Chatbots can’t deliver value at enterprise scale like a cognitive AI platform
While chatbots have been around in some form since the 1970s, they’ve become increasingly visible in recent years. Chatbots fall under the umbrella of Artificial Intelligence (AI), but in order to truly enhance the user experience (UX) and build intelligent workflows, enterprises need to tap the power of a robust cognitive agent like Amelia.
A cognitive agent (sometimes referred to as a “digital colleague”) is able to discern a wide spectrum of human communications, assist users in executing complex actions, and improve at tasks over time. Chatbots, on the other hand, are lower-level and far more limited in their scope. You can read some detailed posts about the differences between the two here, here and here.
In the meantime, here are four substantial ways that a digital colleague delivers more business value than a low-level chatbot.

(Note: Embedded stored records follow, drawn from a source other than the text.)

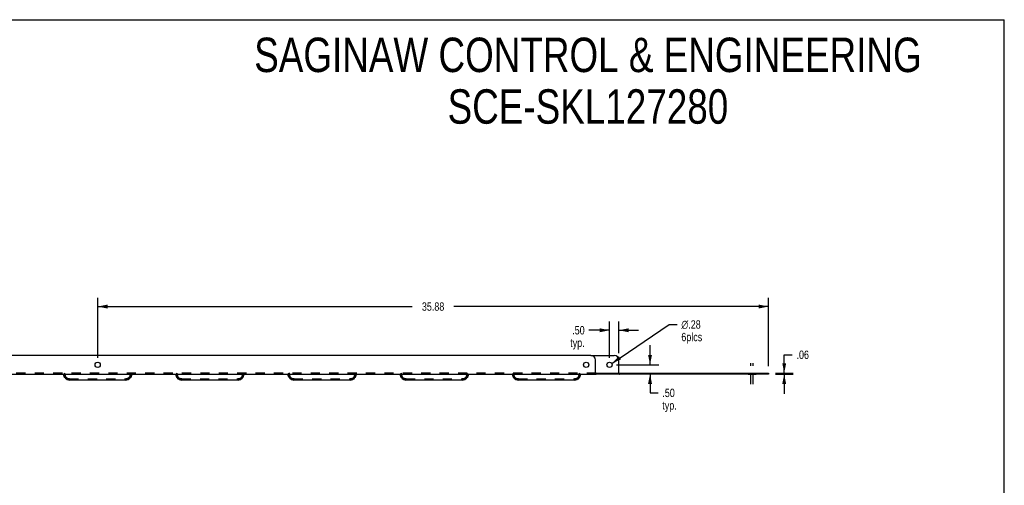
# Model space of a CAD drawing. Header units: inches. Extents: x 0 to 89.5, y 0 to 57.9.
# Tile 8 of 8: x 36.8 to 89.5, y 33 to 57.9. Entities that reach past the tile are written whole.
import ezdxf

# ---------------------------------------------------------------- set-up
doc = ezdxf.new("R2010")
doc.units = ezdxf.units.IN
doc.header["$LTSCALE"] = 4.921053
doc.header["$MEASUREMENT"] = 0
doc.linetypes.add('DASHED', pattern=[0.2, 0.1, -0.1])
doc.linetypes.add('HIDDEN', pattern=[0.2, 0.1, -0.1])
doc.layers.get('0').update_dxf_attribs({"linetype": 'CONTINUOUS'})
for name, color, linetype in [('02___PRT_ALL_AXES', 7, 'CONTINUOUS'), ('DEFAULT_2', 8, 'HIDDEN'), ('DIMENSIONS', 7, 'CONTINUOUS')]:
    doc.layers.add(name, color=color, linetype=linetype)
doc.styles.get("Standard").update_dxf_attribs({"font": 'txt', "width": 0.8})
doc.styles.add('TEXTSTYLE_1', font='gdt', dxfattribs={"width": 0.8})
doc.dimstyles.new('DIMSTYLE_1', dxfattribs={"dimtxt": 0.447368, "dimasz": 0.526316, "dimexe": 0.09, "dimexo": 0.07, "dimgap": 0.0425, "dimtad": 0, "dimtih": 1, "dimtoh": 1, "dimzin": 4, "dimdsep": 46, "dimtxsty": 'Standard', "dimblk": '_FILLED', "dimblk1": '_FILLED', "dimblk2": '_FILLED', "dimcen": 0.09, "dimadec": 0, "dimazin": 0, "dimtfac": 1, "dimtofl": 0, "dimtmove": 0, "dimatfit": 3, "dimldrblk": '_FILLED', "dimfxl": 0, "dimtolj": 1, "dimtzin": 4, "dimarcsym": 0})
doc.dimstyles.new('DIMSTYLE_2', dxfattribs={"dimtxt": 0.447368, "dimasz": 0.526316, "dimexe": 0.09, "dimexo": 0.07, "dimgap": 0.09, "dimtad": 0, "dimtih": 1, "dimtoh": 1, "dimzin": 4, "dimdsep": 46, "dimtxsty": 'Standard', "dimblk": '_FILLED', "dimblk1": '_FILLED', "dimblk2": '_FILLED', "dimcen": 0.09, "dimadec": 0, "dimazin": 0, "dimtfac": 1, "dimtofl": 0, "dimtmove": 0, "dimatfit": 3, "dimldrblk": '_FILLED', "dimfxl": 0, "dimtolj": 1, "dimtzin": 4, "dimarcsym": 0})

# ---------------------------------------------------------------- blocks, each defined once
blk = doc.blocks.new('_FILLED')
at = {"color": 0, "linetype": 'ByBlock'}
blk.add_solid([(0, 0), (-1, 0.2), (-1, -0.2)], dxfattribs=at)
blk = doc.blocks.new('*D15')
at = {"color": 2, "linetype": 'Continuous'}
for p, q in [((70.527, 39.423), (70.527, 40.475)), ((68.731, 39.423), (71.001, 39.423)), ((70.527, 38.923), (70.527, 37.922)), ((70.527, 37.922), (70.961, 37.922))]:
    blk.add_line(p, q, dxfattribs=at)
at = {"color": 2, "linetype": 'Continuous', "xscale": 0.5263157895, "yscale": 0.5263157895, "zscale": 0.5263157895}
for p, rotation in [((70.527, 39.423), 270), ((70.527, 38.923), 90)]:
    blk.add_blockref('_FILLED', p, dxfattribs=dict(at, rotation=rotation))
at = {"color": 2, "linetype": 'Continuous', "insert": (71.185, 38.145), "char_height": 0.4474, "width": 1.43158, "attachment_point": 1, "line_spacing_factor": 0.9}
blk.add_mtext('.50\\Ptyp.', dxfattribs=at)
blk = doc.blocks.new('*D16')
at = {"color": 2, "linetype": 'Continuous'}
for p, q in [((68.362, 39.791), (68.362, 41.746)), ((68.862, 40.041), (68.862, 41.746)), ((68.362, 41.272), (67.255, 41.272)), ((68.862, 41.272), (69.915, 41.272))]:
    blk.add_line(p, q, dxfattribs=at)
at = {"color": 2, "linetype": 'Continuous', "xscale": 0.5263157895, "yscale": 0.5263157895, "zscale": 0.5263157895}
blk.add_blockref('_FILLED', (68.362, 41.272), dxfattribs=at)
at = {"color": 2, "linetype": 'Continuous', "xscale": 0.5263157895, "yscale": 0.5263157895, "zscale": 0.5263157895, "rotation": 180}
blk.add_blockref('_FILLED', (68.862, 41.272), dxfattribs=at)
at = {"color": 2, "linetype": 'Continuous', "insert": (67.031, 41.496), "char_height": 0.4474, "width": 1.43158, "attachment_point": 3, "line_spacing_factor": 0.9}
blk.add_mtext('.50\\Ptyp.', dxfattribs=at)
blk = doc.blocks.new('*D17')
at = {"color": 2, "linetype": 'Continuous'}
for p, q in [((68.479, 39.502), (71.543, 41.583)), ((71.543, 41.583), (71.977, 41.583))]:
    blk.add_line(p, q, dxfattribs=at)
at = {"color": 2, "linetype": 'Continuous', "xscale": 0.5263157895, "yscale": 0.5263157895, "zscale": 0.5263157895, "rotation": 214.1840486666}
blk.add_blockref('_FILLED', (68.479, 39.502), dxfattribs=at)
at = {"color": 2, "linetype": 'Continuous', "insert": (72.201, 41.806), "char_height": 0.44737, "width": 1.78947, "attachment_point": 1, "line_spacing_factor": 0.9, "style": 'TEXTSTYLE_1'}
blk.add_mtext('{\\Fgdt;n}\\Ftxt;.28\\P6plcs', dxfattribs=at)
blk = doc.blocks.new('*D18')
at = {"color": 2, "linetype": 'Continuous'}
for p, q in [((77.703, 38.983), (77.703, 39.96)), ((77.703, 39.96), (78.137, 39.96)), ((77.231, 38.983), (78.177, 38.983)), ((77.231, 38.923), (78.177, 38.923)), ((77.703, 38.923), (77.703, 37.87))]:
    blk.add_line(p, q, dxfattribs=at)
at = {"color": 2, "linetype": 'Continuous', "xscale": 0.5263157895, "yscale": 0.5263157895, "zscale": 0.5263157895}
for p, rotation in [((77.703, 38.983), 270), ((77.703, 38.923), 90)]:
    blk.add_blockref('_FILLED', p, dxfattribs=dict(at, rotation=rotation))
at = {"color": 2, "linetype": 'Continuous', "insert": (78.361, 40.184), "char_height": 0.4474, "width": 1.07368, "attachment_point": 1, "line_spacing_factor": 0.9}
blk.add_mtext('.06', dxfattribs=at)
blk = doc.blocks.new('*D20')
at = {"color": 2, "linetype": 'Continuous'}
for p, q in [((40.987, 39.791), (40.987, 43.015)), ((76.862, 39.351), (76.862, 43.015)), ((40.987, 42.542), (57.807, 42.542)), ((76.862, 42.542), (60.043, 42.542))]:
    blk.add_line(p, q, dxfattribs=at)
at = {"color": 2, "linetype": 'Continuous', "xscale": 0.5263157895, "yscale": 0.5263157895, "zscale": 0.5263157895, "rotation": 180}
blk.add_blockref('_FILLED', (40.987, 42.542), dxfattribs=at)
at = {"color": 2, "linetype": 'Continuous', "xscale": 0.5263157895, "yscale": 0.5263157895, "zscale": 0.5263157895}
blk.add_blockref('_FILLED', (76.862, 42.542), dxfattribs=at)
at = {"color": 2, "linetype": 'Continuous', "insert": (58.925, 42.765), "char_height": 0.4474, "width": 1.78947, "attachment_point": 2, "line_spacing_factor": 0.9}
blk.add_mtext('35.88', dxfattribs=at)

msp = doc.modelspace()

# ---------------------------------------------------------------- linework, layer by layer
at = {"color": 7, "linetype": 'Continuous'}
for p, q in [((0, 57.895), (89.474, 57.895)), ((89.474, 0), (89.474, 57.895)), ((67.362, 39.923), (68.612, 39.923)), ((68.862, 38.983), (68.862, 39.673)), ((67.639, 38.983), (76.862, 38.983)), ((67.639, 38.983), (67.639, 38.923)), ((76.862, 38.983), (76.862, 38.923))]:
    msp.add_line(p, q, dxfattribs=at)
at = {"color": 3, "linetype": 'Continuous'}
for p, q in [((67.362, 39.923), (14.612, 39.923)), ((67.612, 38.952), (67.612, 39.673)), ((14.347, 38.923), (67.628, 38.923)), ((39.474, 38.611), (42.501, 38.611)), ((45.474, 38.611), (48.501, 38.611)), ((51.474, 38.611), (54.501, 38.611)), ((57.474, 38.611), (60.501, 38.611)), ((63.474, 38.611), (66.501, 38.611)), ((76.862, 38.923), (67.639, 38.923))]:
    msp.add_line(p, q, dxfattribs=at)
at = {"color": 7, "linetype": 'Continuous'}
for points in [[(67.612, 38.997), (67.617, 38.997), (67.62, 38.996), (67.623, 38.994), (67.626, 38.991), (67.629, 38.988), (67.632, 38.985), (67.635, 38.983), (67.639, 38.983)], [(68.862, 38.997), (68.867, 38.997), (68.87, 38.996), (68.873, 38.994), (68.876, 38.991), (68.879, 38.988), (68.882, 38.985), (68.885, 38.983), (68.889, 38.983)]]:
    msp.add_lwpolyline(points, dxfattribs=at)
at = {"color": 3, "linetype": 'Continuous'}
msp.add_lwpolyline([(67.612, 38.952), (67.616, 38.948), (67.619, 38.943), (67.622, 38.938), (67.625, 38.934), (67.628, 38.929), (67.631, 38.926), (67.635, 38.924), (67.639, 38.923)], dxfattribs=at)
for centre, radius, start, end in [((67.362, 39.673), 0.25, 0, 90), ((39.487, 38.92), 0.31, 180.102, 267.4773), ((42.487, 38.92), 0.31, 272.5227, 359.9), ((45.487, 38.92), 0.31, 180.102, 267.4773), ((48.487, 38.92), 0.31, 272.5227, 359.9), ((51.487, 38.92), 0.31, 180.102, 267.4773), ((54.487, 38.92), 0.31, 272.5227, 359.9), ((57.487, 38.92), 0.31, 180.102, 267.4773), ((60.487, 38.92), 0.31, 272.5227, 359.9), ((63.487, 38.92), 0.31, 180.102, 267.4773), ((66.487, 38.92), 0.31, 272.5227, 359.9)]:
    msp.add_arc(centre, radius, start, end, dxfattribs=at)
at = {"color": 7, "linetype": 'Continuous'}
msp.add_arc((68.612, 39.673), 0.25, 0, 90, dxfattribs=at)
at = {"layer": '02___PRT_ALL_AXES', "color": 2, "linetype": 'DASHED'}
for p, q in [((75.925, 38.384), (75.925, 39.509)), ((76.05, 38.384), (76.05, 39.509))]:
    msp.add_line(p, q, dxfattribs=at)
at = {"layer": '02___PRT_ALL_AXES', "color": 8, "linetype": 'HIDDEN'}
for p, q in [((75.769, 38.983), (76.206, 38.983)), ((75.769, 38.983), (75.769, 38.923)), ((76.206, 38.983), (76.206, 38.923)), ((75.769, 38.923), (76.206, 38.923))]:
    msp.add_line(p, q, dxfattribs=at)
at = {"layer": '02___PRT_ALL_AXES', "color": 3, "linetype": 'Continuous'}
for centre in [(40.987, 39.423), (67.112, 39.423)]:
    msp.add_circle(centre, 0.141, dxfattribs=at)
at = {"layer": '02___PRT_ALL_AXES', "color": 7, "linetype": 'Continuous'}
msp.add_circle((68.362, 39.423), 0.141, dxfattribs=at)
at = {"layer": 'DEFAULT_2', "color": 8, "linetype": 'HIDDEN'}
for p, q in [((67.639, 38.983), (14.336, 38.983)), ((39.237, 38.983), (39.182, 38.923)), ((39.237, 38.92), (39.237, 38.983)), ((42.737, 38.983), (42.737, 38.921)), ((42.737, 38.983), (42.793, 38.923)), ((45.237, 38.983), (45.182, 38.923)), ((45.237, 38.92), (45.237, 38.983)), ((48.737, 38.983), (48.793, 38.923)), ((48.737, 38.983), (48.737, 38.921)), ((51.237, 38.983), (51.182, 38.923)), ((51.237, 38.92), (51.237, 38.983)), ((54.737, 38.983), (54.793, 38.923)), ((54.737, 38.983), (54.737, 38.921)), ((57.237, 38.983), (57.182, 38.923)), ((57.237, 38.92), (57.237, 38.983)), ((60.737, 38.983), (60.793, 38.923)), ((60.737, 38.983), (60.737, 38.921)), ((63.237, 38.983), (63.182, 38.923)), ((63.237, 38.92), (63.237, 38.983)), ((66.737, 38.983), (66.793, 38.923)), ((66.737, 38.983), (66.737, 38.921)), ((68.862, 38.952), (68.862, 38.983)), ((68.889, 38.983), (68.889, 38.923)), ((39.177, 38.921), (39.177, 38.923)), ((39.177, 38.921), (39.177, 38.921)), ((39.237, 38.921), (39.177, 38.921)), ((39.183, 38.93), (39.178, 38.929)), ((39.178, 38.928), (39.179, 38.927)), ((39.179, 38.927), (39.182, 38.923)), ((39.311, 38.744), (39.28, 38.782)), ((39.487, 38.671), (39.439, 38.675)), ((39.475, 38.671), (42.5, 38.671)), ((42.548, 38.617), (42.487, 38.611)), ((42.606, 38.634), (42.548, 38.617)), ((42.695, 38.782), (42.664, 38.744)), ((42.737, 38.921), (42.733, 38.872)), ((42.737, 38.921), (42.797, 38.921)), ((42.779, 38.938), (42.774, 38.942)), ((42.793, 38.923), (42.796, 38.927)), ((42.796, 38.927), (42.797, 38.928)), ((42.797, 38.923), (42.797, 38.921)), ((42.797, 38.921), (42.797, 38.921)), ((45.177, 38.921), (45.177, 38.923)), ((45.237, 38.921), (45.177, 38.921)), ((45.177, 38.921), (45.177, 38.921)), ((45.183, 38.93), (45.178, 38.929)), ((45.178, 38.928), (45.179, 38.927)), ((45.179, 38.927), (45.182, 38.923)), ((45.311, 38.744), (45.28, 38.782)), ((45.487, 38.671), (45.439, 38.675)), ((45.475, 38.671), (48.5, 38.671)), ((48.695, 38.782), (48.664, 38.744)), ((48.737, 38.921), (48.733, 38.872)), ((48.737, 38.921), (48.797, 38.921)), ((48.779, 38.938), (48.774, 38.942)), ((48.793, 38.923), (48.796, 38.927)), ((48.796, 38.927), (48.797, 38.928)), ((48.797, 38.923), (48.797, 38.921)), ((48.797, 38.921), (48.797, 38.921)), ((51.177, 38.921), (51.177, 38.923)), ((51.237, 38.921), (51.177, 38.921)), ((51.177, 38.921), (51.177, 38.921)), ((51.183, 38.93), (51.178, 38.929)), ((51.178, 38.928), (51.179, 38.927)), ((51.179, 38.927), (51.182, 38.923)), ((51.311, 38.744), (51.28, 38.782)), ((51.487, 38.671), (51.439, 38.675)), ((51.475, 38.671), (54.5, 38.671)), ((54.695, 38.782), (54.664, 38.744)), ((54.737, 38.921), (54.733, 38.872)), ((54.737, 38.921), (54.797, 38.921)), ((54.779, 38.938), (54.774, 38.942)), ((54.793, 38.923), (54.796, 38.927)), ((54.796, 38.927), (54.797, 38.928)), ((54.797, 38.923), (54.797, 38.921)), ((54.797, 38.921), (54.797, 38.921)), ((57.177, 38.921), (57.177, 38.923)), ((57.237, 38.921), (57.177, 38.921)), ((57.177, 38.921), (57.177, 38.921)), ((57.183, 38.93), (57.178, 38.929)), ((57.178, 38.928), (57.179, 38.927)), ((57.179, 38.927), (57.182, 38.923)), ((57.311, 38.744), (57.28, 38.782)), ((57.487, 38.671), (57.439, 38.675)), ((57.475, 38.671), (60.5, 38.671)), ((60.695, 38.782), (60.664, 38.744)), ((60.737, 38.921), (60.733, 38.872)), ((60.737, 38.921), (60.797, 38.921)), ((60.779, 38.938), (60.774, 38.942)), ((60.793, 38.923), (60.796, 38.927)), ((60.796, 38.927), (60.797, 38.928)), ((60.797, 38.923), (60.797, 38.921)), ((60.797, 38.921), (60.797, 38.921)), ((63.177, 38.921), (63.177, 38.923)), ((63.237, 38.921), (63.177, 38.921)), ((63.177, 38.921), (63.177, 38.921)), ((63.183, 38.93), (63.178, 38.929)), ((63.178, 38.928), (63.179, 38.927)), ((63.179, 38.927), (63.182, 38.923)), ((63.311, 38.744), (63.28, 38.782)), ((63.487, 38.671), (63.439, 38.675)), ((63.475, 38.671), (66.5, 38.671)), ((66.695, 38.782), (66.664, 38.744)), ((66.737, 38.921), (66.733, 38.872)), ((66.737, 38.921), (66.797, 38.921)), ((66.779, 38.938), (66.774, 38.942)), ((66.793, 38.923), (66.796, 38.927)), ((66.796, 38.927), (66.797, 38.928)), ((66.797, 38.923), (66.797, 38.921)), ((66.797, 38.921), (66.797, 38.921)), ((67.639, 38.923), (67.628, 38.923))]:
    msp.add_line(p, q, dxfattribs=at)
for points in [[(39.487, 38.611), (39.427, 38.617), (39.369, 38.634), (39.315, 38.663), (39.268, 38.701), (39.23, 38.748), (39.201, 38.802), (39.183, 38.86), (39.177, 38.921)], [(39.177, 38.923), (39.178, 38.927), (39.178, 38.929), (39.178, 38.928)], [(39.201, 38.943), (39.196, 38.938), (39.19, 38.934), (39.183, 38.93)], [(39.28, 38.782), (39.257, 38.825), (39.242, 38.872), (39.237, 38.921)], [(39.439, 38.675), (39.392, 38.69), (39.349, 38.713), (39.311, 38.744)], [(42.664, 38.744), (42.626, 38.713), (42.583, 38.69), (42.536, 38.675), (42.487, 38.671)], [(42.797, 38.921), (42.792, 38.86), (42.774, 38.802), (42.745, 38.748), (42.707, 38.701), (42.66, 38.663), (42.606, 38.634)], [(42.733, 38.872), (42.718, 38.825), (42.695, 38.782)], [(42.797, 38.928), (42.791, 38.931), (42.784, 38.934), (42.779, 38.938)], [(42.797, 38.928), (42.797, 38.926), (42.797, 38.923)], [(45.487, 38.611), (45.427, 38.617), (45.369, 38.634), (45.315, 38.663), (45.268, 38.701), (45.23, 38.748), (45.201, 38.802), (45.183, 38.86), (45.177, 38.921)], [(45.177, 38.923), (45.178, 38.927), (45.178, 38.929), (45.178, 38.928)], [(45.201, 38.943), (45.196, 38.938), (45.19, 38.934), (45.183, 38.93)], [(45.28, 38.782), (45.257, 38.825), (45.242, 38.872), (45.237, 38.921)], [(45.439, 38.675), (45.392, 38.69), (45.349, 38.713), (45.311, 38.744)], [(48.797, 38.921), (48.792, 38.86), (48.774, 38.802), (48.745, 38.748), (48.707, 38.701), (48.66, 38.663), (48.606, 38.634), (48.548, 38.617), (48.487, 38.611)], [(48.664, 38.744), (48.626, 38.713), (48.583, 38.69), (48.536, 38.675), (48.487, 38.671)], [(48.733, 38.872), (48.718, 38.825), (48.695, 38.782)], [(48.797, 38.928), (48.791, 38.931), (48.784, 38.934), (48.779, 38.938)], [(48.797, 38.928), (48.797, 38.926), (48.797, 38.923)], [(51.487, 38.611), (51.427, 38.617), (51.369, 38.634), (51.315, 38.663), (51.268, 38.701), (51.23, 38.748), (51.201, 38.802), (51.183, 38.86), (51.177, 38.921)], [(51.177, 38.923), (51.178, 38.927), (51.178, 38.929), (51.178, 38.928)], [(51.201, 38.943), (51.196, 38.938), (51.19, 38.934), (51.183, 38.93)], [(51.28, 38.782), (51.257, 38.825), (51.242, 38.872), (51.237, 38.921)], [(51.439, 38.675), (51.392, 38.69), (51.349, 38.713), (51.311, 38.744)], [(54.797, 38.921), (54.792, 38.86), (54.774, 38.802), (54.745, 38.748), (54.707, 38.701), (54.66, 38.663), (54.606, 38.634), (54.548, 38.617), (54.487, 38.611)], [(54.664, 38.744), (54.626, 38.713), (54.583, 38.69), (54.536, 38.675), (54.487, 38.671)], [(54.733, 38.872), (54.718, 38.825), (54.695, 38.782)], [(54.797, 38.928), (54.791, 38.931), (54.784, 38.934), (54.779, 38.938)], [(54.797, 38.928), (54.797, 38.926), (54.797, 38.923)], [(57.487, 38.611), (57.427, 38.617), (57.369, 38.634), (57.315, 38.663), (57.268, 38.701), (57.23, 38.748), (57.201, 38.802), (57.183, 38.86), (57.177, 38.921)], [(57.177, 38.923), (57.178, 38.927), (57.178, 38.929), (57.178, 38.928)], [(57.201, 38.943), (57.196, 38.938), (57.19, 38.934), (57.183, 38.93)], [(57.28, 38.782), (57.257, 38.825), (57.242, 38.872), (57.237, 38.921)], [(57.439, 38.675), (57.392, 38.69), (57.349, 38.713), (57.311, 38.744)], [(60.797, 38.921), (60.792, 38.86), (60.774, 38.802), (60.745, 38.748), (60.707, 38.701), (60.66, 38.663), (60.606, 38.634), (60.548, 38.617), (60.487, 38.611)], [(60.664, 38.744), (60.626, 38.713), (60.583, 38.69), (60.536, 38.675), (60.487, 38.671)], [(60.733, 38.872), (60.718, 38.825), (60.695, 38.782)], [(60.797, 38.928), (60.791, 38.931), (60.784, 38.934), (60.779, 38.938)], [(60.797, 38.928), (60.797, 38.926), (60.797, 38.923)], [(63.487, 38.611), (63.427, 38.617), (63.369, 38.634), (63.315, 38.663), (63.268, 38.701), (63.23, 38.748), (63.201, 38.802), (63.183, 38.86), (63.177, 38.921)], [(63.177, 38.923), (63.178, 38.927), (63.178, 38.929), (63.178, 38.928)], [(63.201, 38.943), (63.196, 38.938), (63.19, 38.934), (63.183, 38.93)], [(63.28, 38.782), (63.257, 38.825), (63.242, 38.872), (63.237, 38.921)], [(63.439, 38.675), (63.392, 38.69), (63.349, 38.713), (63.311, 38.744)], [(66.797, 38.921), (66.792, 38.86), (66.774, 38.802), (66.745, 38.748), (66.707, 38.701), (66.66, 38.663), (66.606, 38.634), (66.548, 38.617), (66.487, 38.611)], [(66.664, 38.744), (66.626, 38.713), (66.583, 38.69), (66.536, 38.675), (66.487, 38.671)], [(66.733, 38.872), (66.718, 38.825), (66.695, 38.782)], [(66.797, 38.928), (66.791, 38.931), (66.784, 38.934), (66.779, 38.938)], [(66.797, 38.928), (66.797, 38.926), (66.797, 38.923)], [(67.639, 38.924), (67.634, 38.923), (67.63, 38.923)], [(68.862, 38.952), (68.866, 38.948), (68.869, 38.943), (68.872, 38.938), (68.875, 38.934), (68.878, 38.929), (68.881, 38.926), (68.885, 38.924), (68.889, 38.923)], [(68.889, 38.924), (68.884, 38.923), (68.88, 38.923)]]:
    msp.add_lwpolyline(points, dxfattribs=at)
for centre, start, end in [((39.487, 38.92), 180, 267.1911), ((42.487, 38.92), 272.8089, 360), ((45.487, 38.92), 180, 267.1911), ((48.487, 38.92), 272.8089, 360), ((51.487, 38.92), 180, 267.1911), ((54.487, 38.92), 272.8089, 360), ((57.487, 38.92), 180, 267.1911), ((60.487, 38.92), 272.8089, 360), ((63.487, 38.92), 180, 267.1911), ((66.487, 38.92), 272.8089, 360)]:
    msp.add_arc(centre, 0.25, start, end, dxfattribs=at)

# ---------------------------------------------------------------- texts
at = {"layer": 'DIMENSIONS', "color": 2, "linetype": 'Continuous', "insert": (67.206, 56.933), "char_height": 1.84211, "width": 42.73684, "attachment_point": 2, "line_spacing_factor": 0.9}
msp.add_mtext('SAGINAW CONTROL & ENGINEERING\\PSCE-SKL127280', dxfattribs=at)

# ---------------------------------------------------------------- dimensions: what is measured, and where the dimension line sits
at = {"color": 2, "linetype": 'Continuous'}
for base, p1, p2, angle, picture, middle in [((40.987495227, 42.541508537), (76.862495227, 39.281068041), (40.987495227, 39.721068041), 180, '*D20', (58.924995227, 42.541508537)), ((77.703, 38.923), (78.247, 38.983), (78.247, 38.923), 270, '*D18', (78.898, 39.96))]:
    dim = msp.add_linear_dim(base=base, p1=p1, p2=p2, angle=angle, dimstyle='DIMSTYLE_1', dxfattribs=at)
    dim.commit()
    dim.dimension.update_dxf_attribs({"geometry": picture, "text_midpoint": middle, "dimtype": 160})
for base, p1, p2, angle, picture, middle in [((68.362, 41.272), (68.862, 39.971), (68.362, 39.721), 180, '*D16', (66.316, 40.937)), ((70.527, 39.423), (67.639, 38.923), (68.661, 39.423), 90, '*D15', (71.901, 37.586))]:
    dim = msp.add_linear_dim(base=base, p1=p1, p2=p2, angle=angle, text='<>\\Ptyp.', dimstyle='DIMSTYLE_1', dxfattribs=at)
    dim.commit()
    dim.dimension.update_dxf_attribs({"geometry": picture, "text_midpoint": middle, "dimtype": 160})
dim = msp.add_diameter_dim_2p(p1=(68.479, 39.502), p2=(68.246, 39.344), text='<>\\P6plcs', dimstyle='DIMSTYLE_2', dxfattribs=at)
dim.commit()
dim.dimension.update_dxf_attribs({"geometry": '*D17', "text_midpoint": (73.095, 41.247), "dimtype": 163})

doc.saveas('drawing.dxf')

1. Chatbots chat, digital colleagues have conversations
It is possible to have a completely comfortable and satisfactory interaction with a chatbot — so long as a user doesn’t veer outside of the bot’s programmed script. Chatbots follow static decision trees to answer pre-written responses to specific inputs. However, if the user asks the same question in a way that the chatbot wasn’t pre-programmed to understand, e.g. “Hey, what time ya got?” versus “What time is it?”, the chatbot may not know how to respond. This lack of flexibility is a barrier for use within an enterprise that must accommodate a large variety of users, inputs and conditions.
Cognitive agents have advanced natural language understanding (NLU), which allows them to process human communication in many formats — even ones they haven’t been specifically programmed for.
Cognitive agents have advanced natural language understanding (NLU), which allows them to process human communication in many formats — even ones they haven’t been specifically programmed for. For example, in the “What time ya got?” example from above, Amelia would be able discern that this was a question and notice the word “time” and determine the user’s meaning. She also comes with a level of “social talk,” which allows her to converse with users who talk informally.
“NLU is all about understanding what the user means, not just what they say,” said Allan Anderson, IPsoft’s Director of Enterprise Solutions. “This is where disambiguation, co-referencing, negation, etc. all play an important role so that the context of a statement can be derived accurately. Getting the context correct is paramount as it impacts how the virtual agent drives the dialog with the user more appropriately through dynamic natural language generation of clarifying questions, which are not scripted.”
2. Digital colleagues can navigate conversational chaos
Humans are complex beings and regularly switch from one topic to another. Even during structured interactions like placing an order for a product or service, they can jump between subjects and change answers. For example, a customer at a diner may have just finished giving a waitress their hamburger order, but then say, “You know, actually, can we make that a chicken sandwich instead?”
These jumps are handled with ease by most humans — it would be no problem for a waitress. However, this “context switching” is something a static chatbot would find difficult to handle. Imagine the frustration if the waitress told the customer, “I’m not sure what you mean, let me ask my manager.” A robust cognitive agent, on the other hand, is able to apply “actually, I’d rather” edits to earlier parts of a process, while keeping other information the same.
For example, a customer ordering a new grey laptop with upgraded RAM and a backlit keyboard could decide at the last moment on a different color. A digital colleague like Amelia would be able to process this one change from an earlier step without touching the rest of the customer’s order. This is a key differentiator from chatbots, and can provide an advantage for companies that use cognitive agents. The less “human-like” the interaction with a chatbot, the more frustrated a user will become, and the less likely they will use that service again.
3. Digital colleague, teach thyself
Not only do digital colleagues come with more functionality than a chatbot, they can improve at tasks over time through machine learning. That means every interaction they have with a human allows them to expand their knowledge base.
To continue the time example mentioned above, with experience Amelia might be able to understand that humans sometimes informally end questions with a verb (“Hey, what time ya got?”). In the event that Amelia is not able to assist a user, the session can be escalated to a live agent, while Amelia silently observes the transaction in the background and draws connections between the unrecognized input and the eventual satisfactory conclusion. A digital colleague has the ability to independently improve at their function over time, whereas a chatbot doesn’t improve without direct human mediation.
4. End-to-end functionality
One of the most important differentiators between a virtual agent and a chatbot is its ability to independently assist users from the beginning of a process to its resolution. Whereas chatbots often point users toward an existing webpage, video, or other information (in basic FAQ-answering functionality), a digital colleague can tap into its backend integrations to execute complex tasks as well.
For example, a chatbot on a bank’s website might provide a link to information on opening a new checking account and perhaps connect them with a live agent to set one up. A digital colleague, on the other hand, can independently help a customer open up the new account without any human intermediation.
As these four areas demonstrate, enterprises that want to build true business value through cognitive automation should look beyond low-level chatbots and move further up the AI value chain to robust digital colleagues.